Sony scraps ‘The Interview’ release; North Korea blamed for hack
Sony Pictures Entertainment’s extraordinary decision to scrap the Christmas release of “The Interview” came amid mounting pressure from powerful theater owners and other studios concerned that the film’s release could keep moviegoers away from multiplexes during the holidays, one of the most lucrative periods for Hollywood.
The action came as U.S. intelligence officials confirmed widespread speculation that the North Korean government was behind the devastating cyberattack, which has hobbled Sony Pictures and spread fear throughout the entertainment industry. “The Interview” depicts the fictional assassination of North Korean leader Kim Jong Un.
Federal investigators began briefing some legislators that the rogue state gave the order to raid Sony’s computer system, leading to a massive leak of sensitive data, including emails, financial documents and even the salaries of Sony’s top executives.
The U.S. government takes “very seriously any attempt to threaten or limit artists’ freedom of speech or of expression,” and it’s “considering a range of options in weighing a potential response” to the cyberattack, a National Security Council spokeswoman said in a Wednesday night statement.
The fast-moving events that led to Sony yanking the film across the country came after the nation’s top theater chains decided to cancel screenings following threats of violence against theater-goers by Guardians of Peace, the hacking group that has claimed responsibility for the attack.
Although law enforcement authorities discounted those threats, theater owners and studio chiefs worried that they would be enough to keep moviegoers away from theaters and hurt the year-end box office for everyone.
The decision would cost Sony perhaps $70 million for the costs of making the film and marketing efforts to date, and could also prompt an executive shake-up, industry analysts said. Sony Pictures Entertainment is led by Chairman Michael Lynton and Co-Chairman Amy Pascal.
“By canceling release of the film, Sony Entertainment is admitting it made the wrong decision to go forward,” said Laura Martin, senior media analyst at Needham & Co. “They are now succumbing to pressure that they obviously underestimated six months ago.”
Sony executives had originally resisted postponing “The Interview,” fearing that doing so would be a victory for the hackers, and set a dangerous precedent for future threats.
Although many in Hollywood expressed relief at Sony’s decision, others expressed anger.
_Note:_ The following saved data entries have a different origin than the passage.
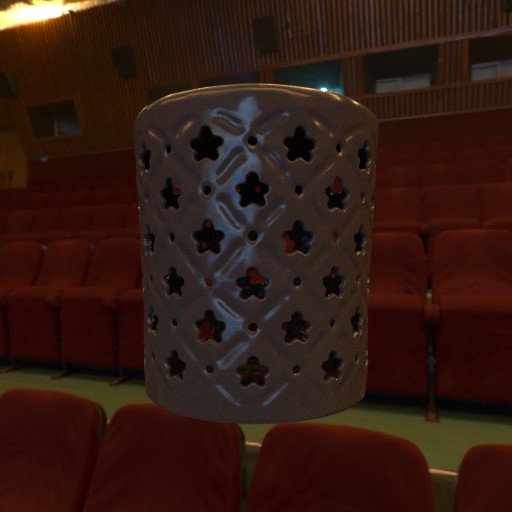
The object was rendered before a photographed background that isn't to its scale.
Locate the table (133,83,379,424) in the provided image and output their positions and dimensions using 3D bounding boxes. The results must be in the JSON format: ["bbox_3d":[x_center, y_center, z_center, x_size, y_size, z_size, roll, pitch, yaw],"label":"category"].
[{"bbox_3d":[0.000,0.000,0.658,0.352,0.387,0.352,0,0,0],"label":"table"}]
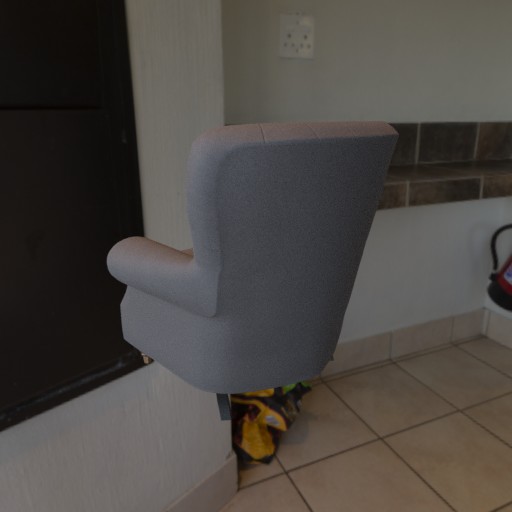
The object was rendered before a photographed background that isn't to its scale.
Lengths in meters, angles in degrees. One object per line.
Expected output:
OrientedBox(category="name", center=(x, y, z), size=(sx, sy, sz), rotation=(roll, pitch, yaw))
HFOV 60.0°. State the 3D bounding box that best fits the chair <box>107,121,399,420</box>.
OrientedBox(category="chair", center=(0.000, 0.000, 1.786), size=(0.983, 1.046, 0.983), rotation=(-16, 23, -40))
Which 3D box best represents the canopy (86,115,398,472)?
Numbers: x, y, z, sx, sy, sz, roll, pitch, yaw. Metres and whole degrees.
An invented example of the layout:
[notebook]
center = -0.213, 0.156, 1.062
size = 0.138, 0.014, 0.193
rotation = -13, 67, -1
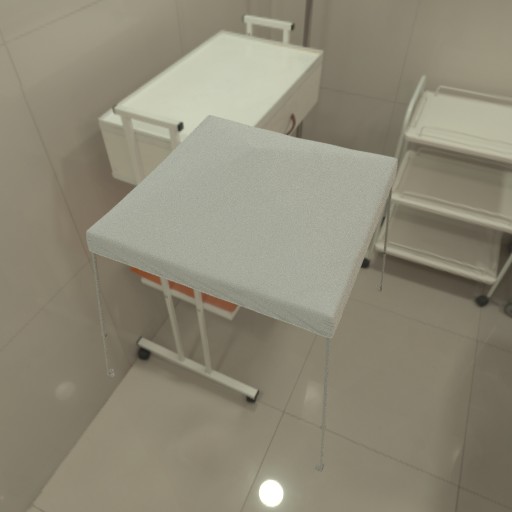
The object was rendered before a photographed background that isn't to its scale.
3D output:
[canopy]
center = 0.000, 0.000, 5.083
size = 2.848, 2.849, 2.849
rotation = 18, 49, 17
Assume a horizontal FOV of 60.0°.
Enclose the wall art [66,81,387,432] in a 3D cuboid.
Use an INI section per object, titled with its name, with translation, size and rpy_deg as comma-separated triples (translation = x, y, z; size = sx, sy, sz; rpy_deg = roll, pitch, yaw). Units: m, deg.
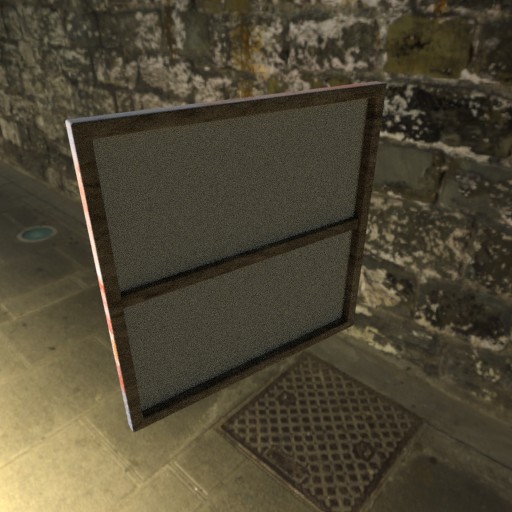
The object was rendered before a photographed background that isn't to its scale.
[wall art]
translation = 0.000, 0.000, 1.093
size = 0.747, 0.747, 0.035
rpy_deg = -18, 35, -29

“I think every business has the right to do whatever they want, but when — en masse — all of these businesses decide not to present a movie, they’re basically setting themselves up for other people to threaten them,” said director Judd Apatow, a friend and frequent collaborator of “The Interview’s” director and co-star Seth Rogen. “What do they do when someone says the same thing about the James Bond movie or ‘Annie’?”
At the same time, filmmakers Rogen and Evan Goldberg — with Sony’s consent — made a movie that portrayed the gruesome assassination of a sitting world leader, something that film historians say has not been done before. North Korea called months ago for the film to be sidelined, saying it amounted to an “act of war.”
Exhibitors don’t take the risks lightly. Cinemark is still dealing with legal issues from the “Dark Knight Rises” shooting in the summer of 2012.
Owners of shopping malls also were putting pressure on theaters to bail on the movie, fearing any threat could scare away consumers during the busiest shopping season of the year.
“Due to the wavering support of the film ‘The Interview’ by Sony Pictures, as well as the ambiguous nature of any real or perceived security threats, Regal Entertainment Group has decided to delay the opening of the film in our theatres,” said the company.
AMC, the nation’s second-largest chain, said it canceled because of the “overall confusion and uncertainty that has been created in the marketplace.”
Rival studio executives also shared concerns about the broader impact on attendance for the movies over the holidays. December is a key month for many studios and accounted for roughly $1 billion in ticket sales last year in the U.S. and Canada.
“We’re all afraid people aren’t going to go to theaters in general because of the threat,” said a studio executive who declined to comment publicly because of the sensitivity of the matter. “The theaters are supposed to be an escape for people to get entertained.… If they don’t show up, it could be disastrous.”
“In a year when the box office is down single digits year over year, you didn’t need something else keeping people away from the theaters,” said Eric Wold, an analyst with B. Riley. “It makes complete sense to drop the movie,” said Wold, who noted that loss of the film would likely result in 2% less in quarterly revenue for exhibitors. “It’s a pretty immaterial movie for the potential risk at hand. There’s no upside.”
Sony has decided not to pursue video-on-demand distribution for the film or make it available on YouTube or a streaming service such as Amazon or Neftlix. The option was one of a number of scenarios being explored, according to two people with knowledge of the discussions. A Sony spokesman said simply that the studio “has no further release plans for the film.”
Times staff writers Daniel Miller, Amy Kaufman, Saba Hamedy and Meg James contributed to this report.